Фэнси взглянула на сына и улыбнулась:
— Да, уже пора. — И, увидев его приунывшее лицо, добавила: — Подождем еще пару недель, пока окончательно не убедимся, что он сможет позаботиться о себе.
Мальчик кивнул. Раньше он умолял мать оставлять зверей, которым они давали приют у себя. Но, повзрослев, понял, что диким животным лучше на свободе, в лесу, вдали от людей. Да и отец ни за что не позволил бы им этого.
Джон со снисхождением относился к увлечениям жены, но беспокоился, что звери, которых она приручала, могут покусать ее, а Ноэль и его трехлетняя сестренка Эми слишком привяжутся к животным, никогда не знавшим жизни в неволе.
Дети действительно близко к сердцу принимали судьбу зверей, нуждавшихся в помощи, поэтому на ферме постоянно обитали пушистые четвероногие питомцы.
Джон обычно покорялся неизбежному, ворча под нос, и никогда всерьез не упрекал Фэнси. Но оставить в доме лиса? Нет, он никогда не согласится на это, и Фэнси признавала, что в этом случае муж будет прав. Она была благодарна и за то, что он позволил ей ухаживать за лисенком так долго и даже построил ему вольер у задней стены дома.
Джон Марш был хорошим человеком с великодушным и добрым сердцем. Фэнси знала об этом с самой первой их встречи, когда, после смерти отца, он спас ее и шестилетнюю Фортуну от ужасной участи. Она была всего лишь пятнадцатилетней дикаркой, выросшей в лесной глуши, но он не колеблясь предложил ей выйти за него замуж, понимая, что это ее единственный путь к спасению.
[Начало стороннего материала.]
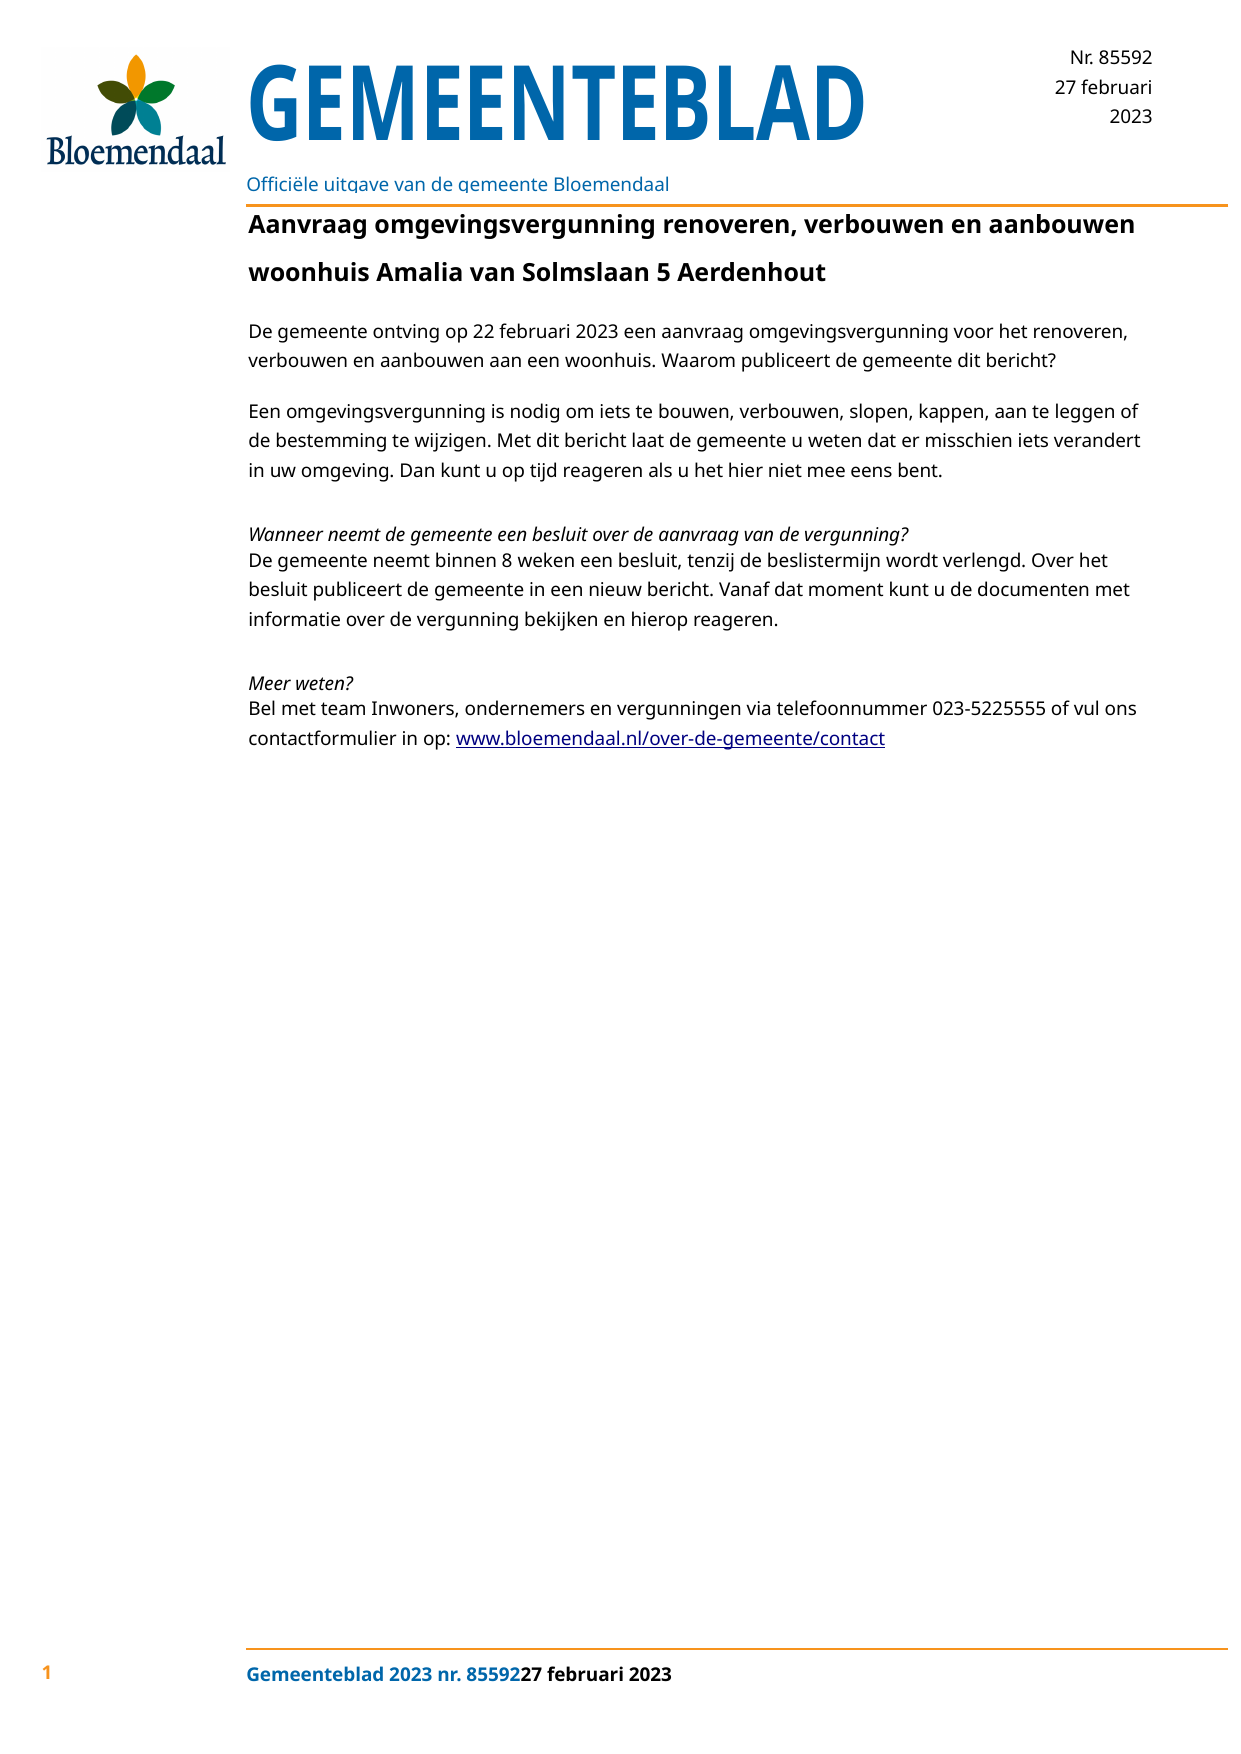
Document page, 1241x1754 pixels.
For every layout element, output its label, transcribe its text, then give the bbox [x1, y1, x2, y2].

text De gemeente neemt binnen 8 weken een besluit, tenzij de beslistermijn wordt verlengd. Over het besluit publiceert de gemeente in een nieuw bericht. Vanaf dat moment kunt u de documenten met informatie over de vergunning bekijken en hierop reageren. [248, 547, 1152, 632]
text De gemeente ontving op 22 februari 2023 een aanvraag omgevingsvergunning voor het renoveren, verbouwen en aanbouwen aan een woonhuis. Waarom publiceert de gemeente dit bericht? [248, 318, 1152, 373]
text Wanneer neemt de gemeente een besluit over de aanvraag van de vergunning? [248, 521, 1152, 547]
picture [41, 47, 231, 172]
text Aanvraag omgevingsvergunning renoveren, verbouwen en aanbouwen woonhuis Amalia van Solmslaan 5 Aerdenhout [248, 207, 1152, 288]
text Bel met team Inwoners, ondernemers en vergunningen via telefoonnummer 023-5225555 of vul ons contactformulier in op: www.bloemendaal.nl/over-de-gemeente/contact [248, 696, 1152, 751]
text Een omgevingsvergunning is nodig om iets te bouwen, verbouwen, slopen, kappen, aan te leggen of de bestemming te wijzigen. Met dit bericht laat de gemeente u weten dat er misschien iets verandert in uw omgeving. Dan kunt u op tijd reageren als u het hier niet mee eens bent. [248, 398, 1152, 483]
text Meer weten? [248, 670, 1152, 696]

Фэнси страшило замужество, сомнения одолевали ее. Джон был намного старше ее, да и сама мысль о браке откровенно пугала ее — особенно о браке с незнакомцем. И все же она никогда не жалела о случившемся. Джон был великодушен и щедр, хотя иногда и нетерпелив, у него было доброе сердце, которое, как она недавно начала понимать, было слишком добрым для жизни в диких лесах Мэриленда.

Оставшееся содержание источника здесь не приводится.